Streaming Combinators and Extracting Flat Parallelism

Posted on June 25, 2017 by Troels Henriksen

This Tuesday I presented Futhark at PLDI, a large academic conference on programming language design and implementation. The associated paper is available (paper PDF), but makes for somewhat dry reading. This blog post covers the main points of the presentation, demonstrated by examples, in a way that may be more accessible than the paper. This is a bit of a long post, but logically divided into two parts. The first half introduces the basics of the Futhark language and shows its application to a small problem. The second half contains a more complicated example of how nested parallelism is turned into GPU-friendly flat parallelism. There is also a short conclusion at the end with measurements of how Futhark-generated code compares in performance to hand-written GPU programs. Scroll to the end if you enjoy looking at numbers and graphs.

Problem Statement

It is old news that parallel computers have become mainstream. It is also widely acknowledged that we still lack good models and languages for programming them. The problem becomes even more severe when we leave the relatively benign world of multi-core CPUs and begin to consider such devices as GPUs, which have evolved into massively parallel machines for general-purpose computation. Saturating a GPU typically requires tens of thousands of lightweight threads with minimal communication or shared state. Traditional sequential and imperative languages are a poor fit.

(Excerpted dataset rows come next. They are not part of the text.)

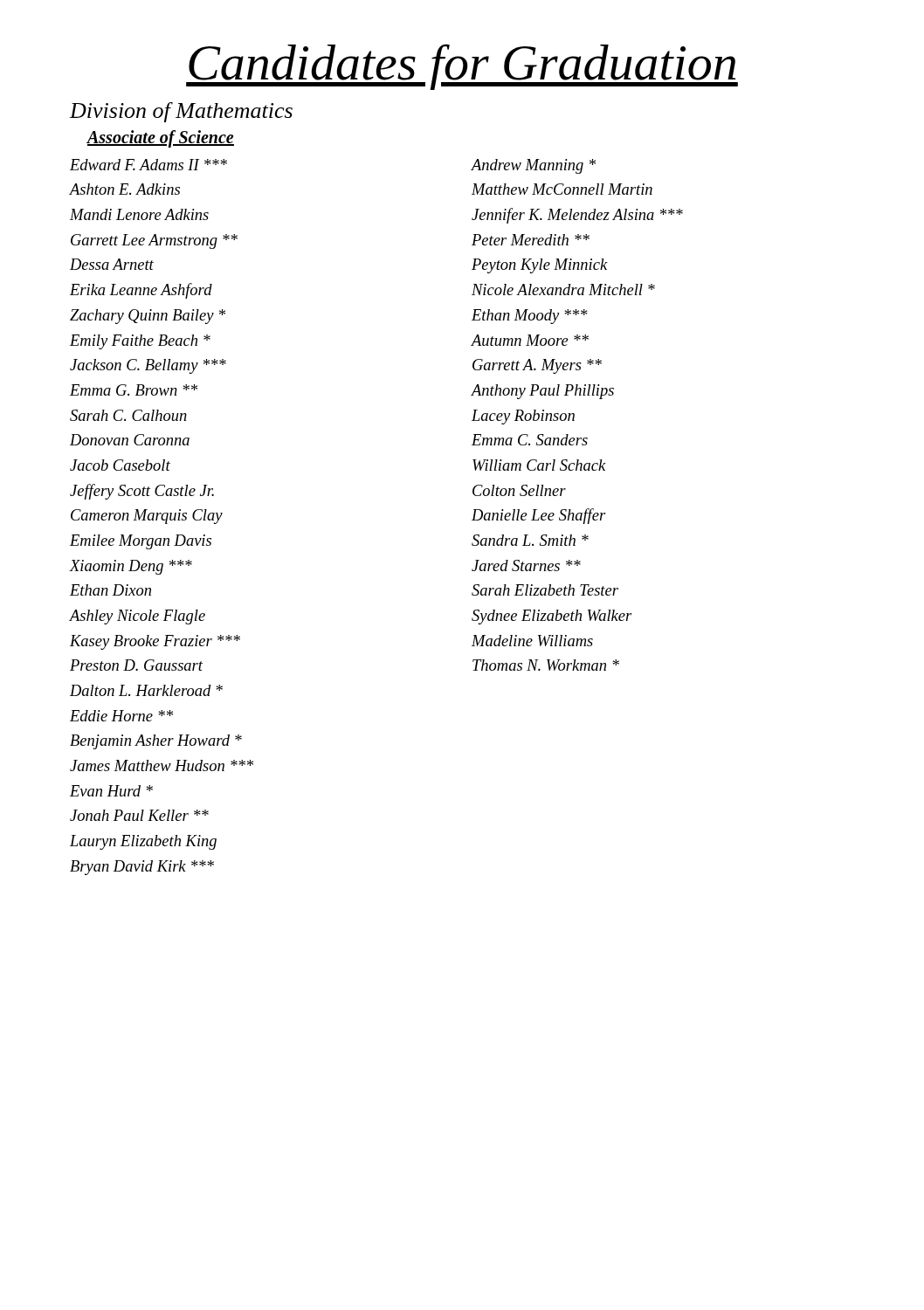Select the element starting "Jeffery Scott Castle Jr."
The height and width of the screenshot is (1310, 924).
[143, 490]
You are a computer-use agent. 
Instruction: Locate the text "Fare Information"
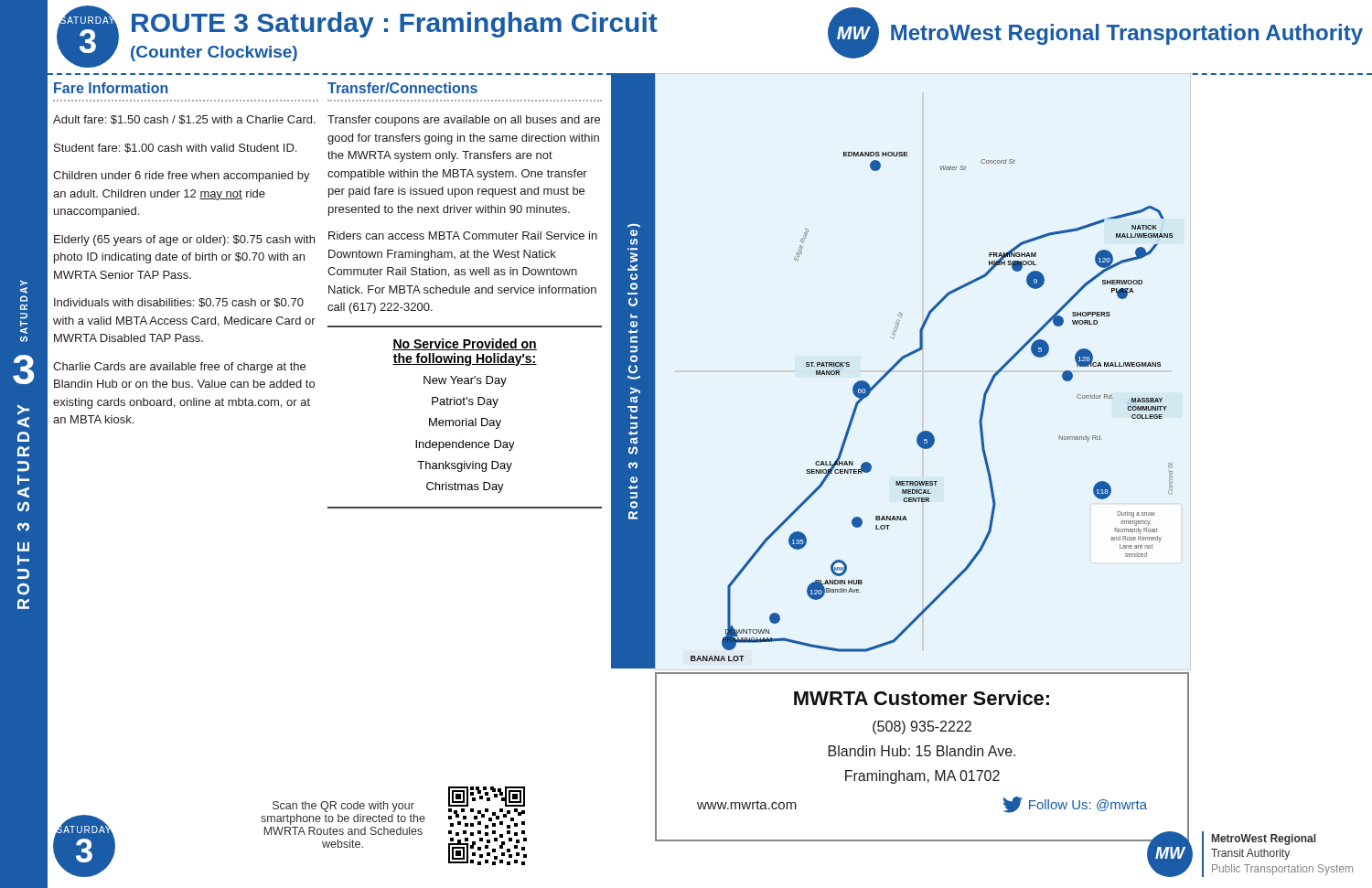point(111,88)
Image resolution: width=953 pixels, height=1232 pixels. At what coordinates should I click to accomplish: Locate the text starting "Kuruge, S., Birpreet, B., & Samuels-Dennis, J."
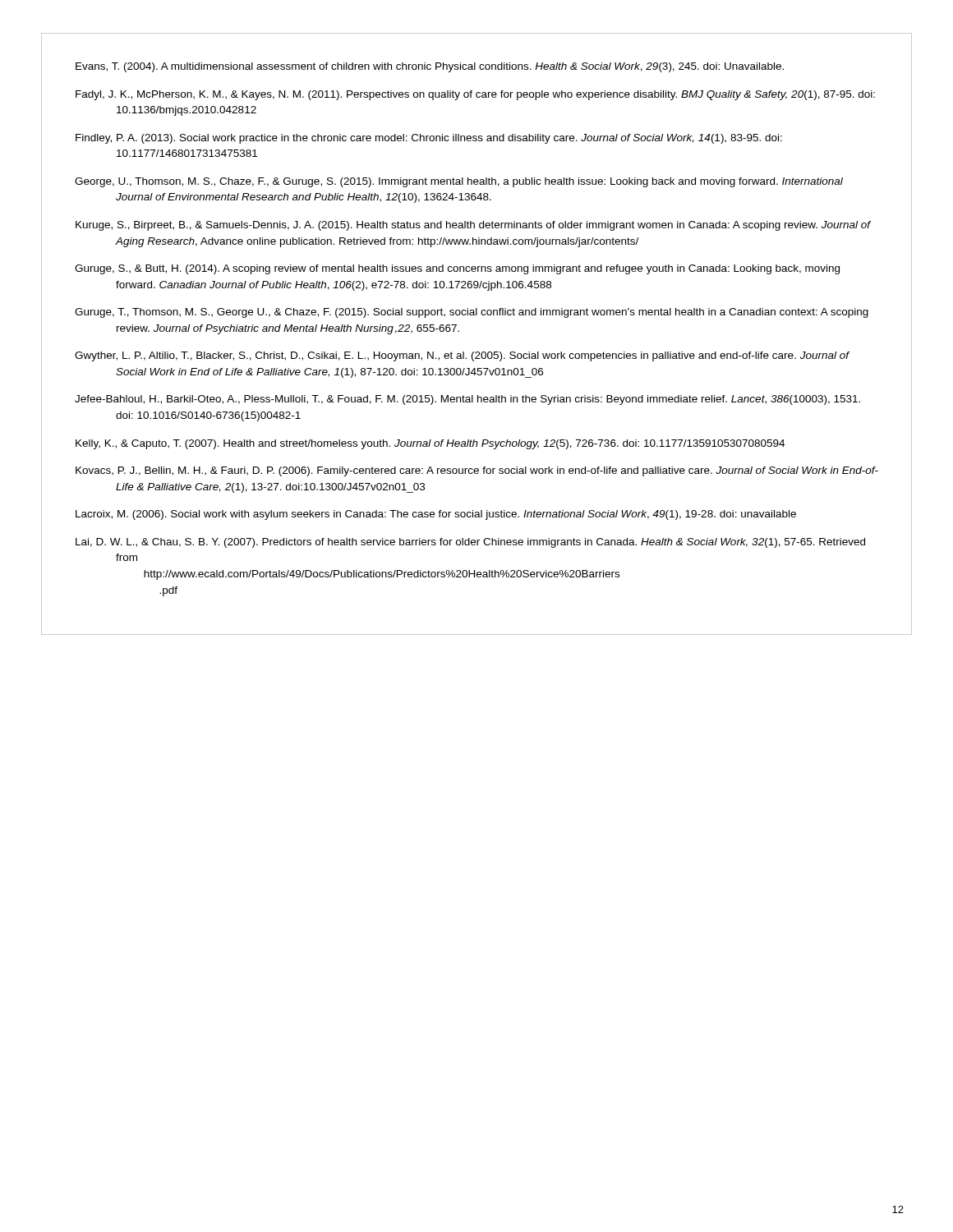(x=472, y=233)
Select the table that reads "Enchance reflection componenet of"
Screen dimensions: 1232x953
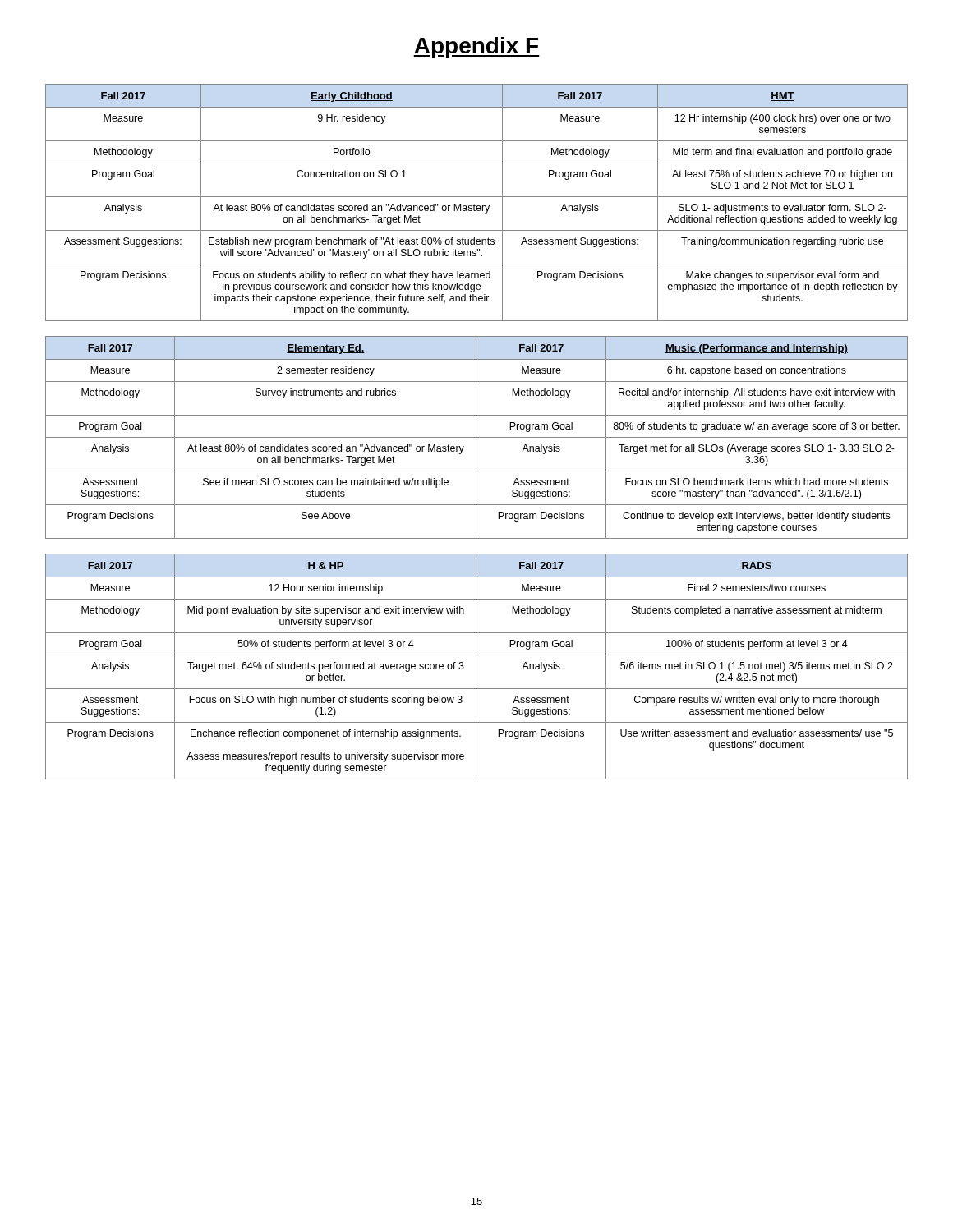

Functional languages are often mentioned as a solution to the parallelism problem, as they do not rely as much on evaluation order or side effects. For example, a map function can process each element in parallel, and a reduce can shrink an array to one element through repeated parallel application of a function to pairs of elements in the input array.

Unfortunately, life is not that easy. While the functional style indeed makes parallelism explicit, safe and correct, it is not automatically a good fit for a GPU. One major problem is that GPUs support only a restricted form of parallelism (efficiently, at least). The parallelism must be flat, meaning that one parallel thread may not spawn more threads. Further, code running on the GPU may not allocate memory - all allocation must be done prior to starting GPU execution, by controller code running on the CPU. There are further restrictions on how memory must be accessed to obtain high efficiency, and a myriad of other hindrances such as too little stack to implement recursion, and the absence of function pointers. By itself, functional programming does not address these problems, and existing functional languages like OCaml or Haskell are too large and expressive to ever run well on a device as restricted as a GPU.

But all is not lost: the right solution, we believe, is to carefully design a small functional language that has just the features and restrictions to enable the construction of an aggressively optimising compiler capable of generating GPU code. This compiler will worry about all the low-level details, leaving the programmer solely concerned with how best to express the parallelism in their algorithm. We have spent the last four years constructing such a language and compiler, and we call it Futhark.

The Language

Futhark is a small data-parallel purely functional array language that resembles a cross between Haskell and OCaml. Parallelism is expressed through built-in second-order array combinators (SOACs) that resemble higher-order functions known from functional programming. For example, we can define a function that takes a one-dimensional array of integers of input and increments each by two:

let add_two [n] (a: [n]i32): [n]i32 = map (+2) a

Note the shape declarations: we indicate that there is some size n, and that both the result and input to the function are one-dimensional arrays of size n. We do not have to pass the size n explicitly when we call the function; rather it is automatically inferred when we pass the array argument for a.

As another example, this function sums an integer array:

let sum [n] (a: [n]i32): i32 = reduce (+) 0 a

The reduce construct takes a function that must be associative, and possess an identity element (0 is the identity for addition).

We can write a function that uses sum to sum the rows of a two-dimensional array:

let sum_rows (as: [n][m]i32): [n]i32 = map sum as

The sum_rows function makes use of nested parallelism, as a reduce (via sum) is used inside of a map. Mapping nested parallelism to efficient flat parallelism is one of the most important tasks performed by the Futhark compiler, and the last part of this post concerns itself with how that is done.

A few more constructs must be introduced before we can look at real Futhark code. First, we can use iota and replicate to create new arrays:

iota 5           ⇒        [0,1,2,3,4]
replicate 3 1337 ⇒ [1337, 1337, 1337]

Futhark has an important restriction regarding arrays: only regular arrays are permitted. An array is regular if all its elements have the same shape. Thus, [[1,2],[3,4]] is regular, but [[1,2], [3]] is not.

Second, Futhark provides special syntax for expressing sequential loops:

loop (x = 1) for i < n do
  x * (i + 1)

The meaning of the above expression is to first assign x the value 1, then execute the loop body n times, each time binding x to the result, and eventually return the final value of x as the result of the entire loop. There is nothing magical about for-loops. They are equal in power to the tail-recursive functions we are used to from other functional languages, but they make life a little easier for the compiler, as we shall see.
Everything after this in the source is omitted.